Furthermore, the robust association between higher SES and better HbA1c control, especially significant in the higher quintiles across all models, highlights the impact of socioeconomic factors on glycemic control. This relationship suggests that beyond medical treatment, addressing social determinants of health is vital for effective diabetes management.

These findings collectively highlight the need for comprehensive strategies that consider socioeconomic disparities in diabetes care. Healthcare policies must focus on reducing these gaps through targeted interventions, such as improving access to diabetes education and healthcare services for lower SES groups and supporting programs that address the broader determinants of health. Addressing these disparities is crucial for achieving more equitable health outcomes and underscores the importance of integrating social and economic support into diabetes care strategies.

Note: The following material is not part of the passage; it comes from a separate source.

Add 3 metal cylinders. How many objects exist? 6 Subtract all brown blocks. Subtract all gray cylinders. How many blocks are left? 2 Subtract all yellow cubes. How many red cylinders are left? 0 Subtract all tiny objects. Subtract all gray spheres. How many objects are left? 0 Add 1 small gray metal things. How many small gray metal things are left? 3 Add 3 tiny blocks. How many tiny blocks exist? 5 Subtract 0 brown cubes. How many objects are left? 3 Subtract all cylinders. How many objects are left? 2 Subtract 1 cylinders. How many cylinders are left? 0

Despite important findings, this study has certain limitations that should be acknowledged. Psychological factors and variables such as occupation, family size, smoking, body mass index, and other factors were not taken into account, potentially contributing to inequalities related to SES and impacting the study result. Additionally, the inability to access information on individual’s income led to the classification based solely on assets. Combining income and assets could have resulted in a more accurate and precise classification.

To the best of our knowledge, this is the first study to investigate the relationship between socioeconomic inequalities and T2DM in the Iranian population. The study’s strength lies in its adequate sample size.

Conclusions

This study demonstrated that diabetes care is more concentrated among individuals with higher SES while the poorer groups experience lower quality care for T2DM due to various limitations. Consequently, it is imperative to designed implement programs and interventions aimed at controlling and preventing this disease. Recommended actions may include periodic screening particularly in deprived areas, initiatives to promote physical activity and healthy diets, improvement of living conditions, and enhanced accessibility to healthcare services.